# Table Saw Recommendation



## chrisb75 (Nov 26, 2013)

I am looking to buy my first new Table Saw. I currently have a 30+ year old craftsman saw that has served me until now (my brother gave it to me when I bought my first house, he had used it for woodworking for 15 years before that), but the fence is gone and the blade adjustment wheel won't move anymore and its binding up even with new blades. I mainly used that saw for ripping molding and flooring. I am weekend DIYer and just starting to get into wood work. I will be doing some built-in book shelves, a bench for a mud room, etc. 

I love tools, and I don't have a problem buying quality when I need it and use it everyday, but it seems to me with table saws it jumps from dirt cheap (Ryobi and HF) to $600-$5000. I am not really sure what I need and just looking for some advice. I use my current table saw about 4-5 times a year. 

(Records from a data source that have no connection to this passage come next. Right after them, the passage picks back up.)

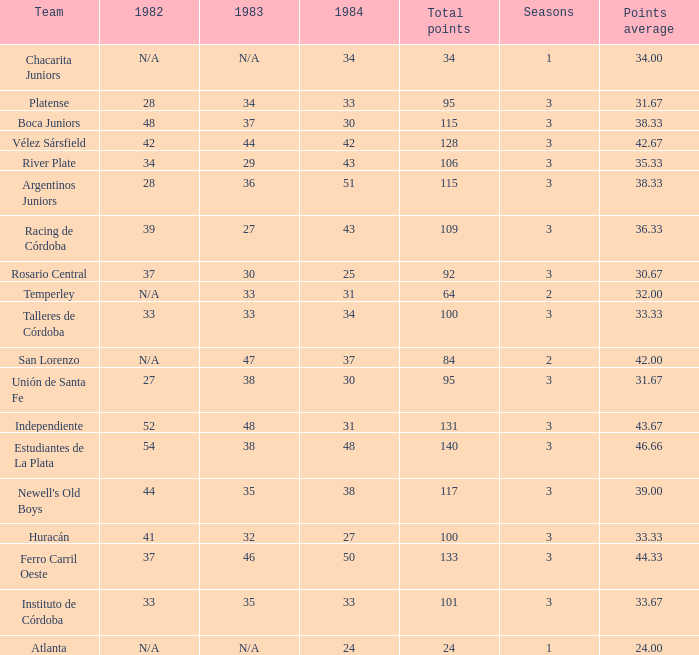What is the total for 1984 for the team with 100 points total and more than 3 seasons? None. 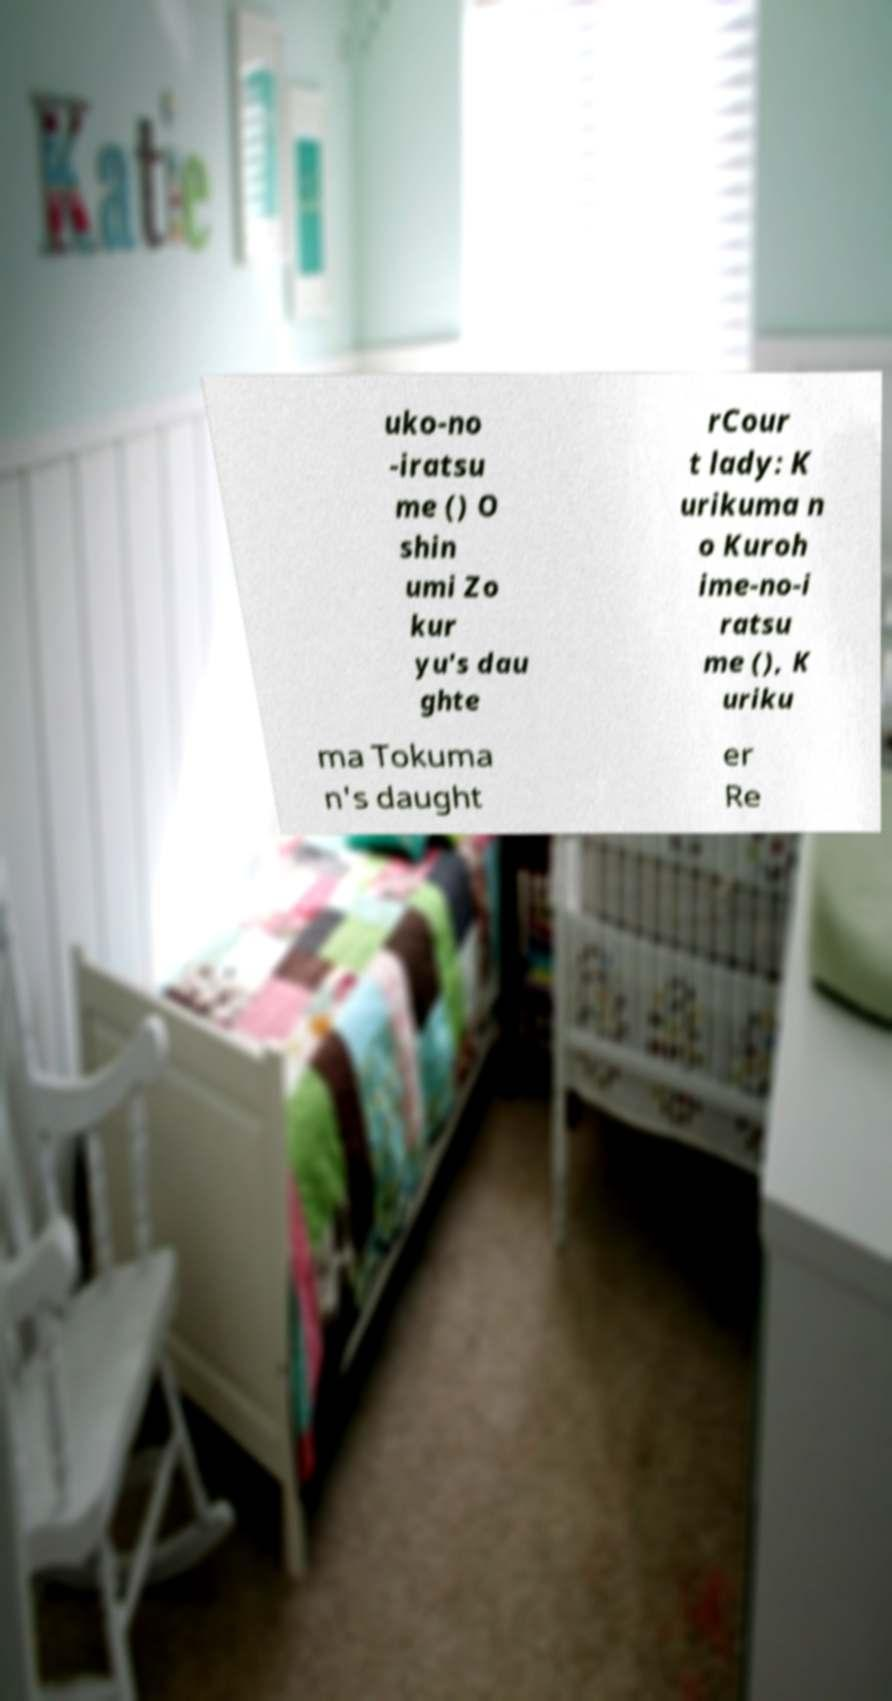I need the written content from this picture converted into text. Can you do that? uko-no -iratsu me () O shin umi Zo kur yu's dau ghte rCour t lady: K urikuma n o Kuroh ime-no-i ratsu me (), K uriku ma Tokuma n's daught er Re 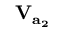Convert formula to latex. <formula><loc_0><loc_0><loc_500><loc_500>V _ { a _ { 2 } }</formula> 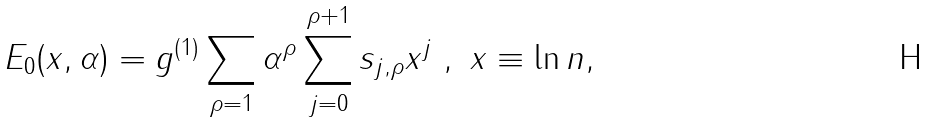<formula> <loc_0><loc_0><loc_500><loc_500>E _ { 0 } ( x , \alpha ) = g ^ { ( 1 ) } \sum _ { \rho = 1 } \alpha ^ { \rho } \sum _ { j = 0 } ^ { \rho + 1 } s _ { j , \rho } x ^ { j } \ , \ x \equiv \ln n ,</formula>

I have looked at the HF and Ryobi saws. I have also looked at the Dewalt and Rigid jobsite saws which are 5x the price of Ryobi and HF. Any help that anyone can give?


----------



## chrisb75 (Nov 26, 2013)

This is the DeWalt saw I am looking at:
https://www.amazon.com/gp/product/B01F9II676/ref=as_li_tl?ie=UTF8&camp=1789&creative=390957&creativeASIN=B00F2CGXGG&linkCode=as2&tag=tablesawchoice-20&linkId=XCL5Z6U2HKUKP7JS&th=1


----------



## SeniorSitizen (Sep 10, 2012)

I would not buy a table saw without doing a hands on inspection. With so much JUNK on the market we may be better off with an old craftsman and using a 2x4 clamped to the table as a rip fence. 

I recommend going to a store to look and feel , kind of like shopping for a wife because you plan on having her for a long time.:wink2:


----------



## de-nagorg (Feb 23, 2014)

I would spend the money on getting my Craftsman tuned up properly, and buying a biesemeyer fence for it. 

Things built in the last century are generally better than any new stuff.

ED


----------



## ddawg16 (Aug 15, 2011)

Don't be knocking the Ryobi......I have one. It does an excellent job.


----------



## mustangsally (Aug 26, 2016)

I had the bosch until GF sold it behind my back, and loved it but also in market for new one and have heard great reviews about the dewalt you are referencing to here.


----------



## chrisb75 (Nov 26, 2013)

Senior:

I have been to Home Depot and looked at that DeWalt for a cursory glance. I will definitely give it a better look soon

de-nagorg:
I would, if this were a huge cabinet saw. This is table top saw and I would need to order completely new guts. I understand the sentiment, but in this case I am not sure its worth it.

ddawg
No knocking at all. I have the 12" Ryobi Miter saw that I love so much. I am just not sure if the table saw is where I want to skimp, or if the small Ryobi compact saw will do everything I want to do (like rip 4x8 sheets).


----------



## 47_47 (Sep 11, 2007)

Many good used cabinet saws out there. Maybe more $$$ than you want to spend, but they are worth the money for serious woodworking.


----------



## Canarywood1 (May 5, 2012)

chrisb75 said:


> Senior:
> 
> I have been to Home Depot and looked at that DeWalt for a cursory glance. I will definitely give it a better look soon
> 
> ...



"Ryobi compact saw will do everything I want to do (like rip 4x8 sheets)."



4x8 sheets should be ripped with a circular saw,not a table saw.


----------



## chrisb75 (Nov 26, 2013)

Canarywood1 said:


> "Ryobi compact saw will do everything I want to do (like rip 4x8 sheets)."
> 
> 
> 
> 4x8 sheets should be ripped with a circular saw,not a table saw.


Sometimes. If I am looking to just rip down a sheet of OSB then I agree. If am cutting shelves out of 4x8 hardwood stock, I am using a table saw with an outfeed table.


----------



## NickTheGreat (Jul 25, 2014)

I have the Ridgid jobsite saw. It does a great job, and folds up and goes away well. 
http://www.homedepot.com/p/RIDGID-1...R4513/100090444?N=5yc1vZc29i#customer_reviews

It depends what you want to do with it. It's not the same as a good cabinet saw, but I don't have space to dedicate to one in my shop. 

I was going between it, the DeWalt and the Bosch. That day, the Ridgid was cheaper considering it came with the stand. :smile:


----------



## MT Stringer (Oct 19, 2008)

Just a couple of thoughts.

1) Buy the best saw you can afford. It should last a long time. If you want to skimp (cheap), do it on another tool. The table saw is the center of your woodworking world. There are lots of jigs that can be built to make the saw a versatile machine.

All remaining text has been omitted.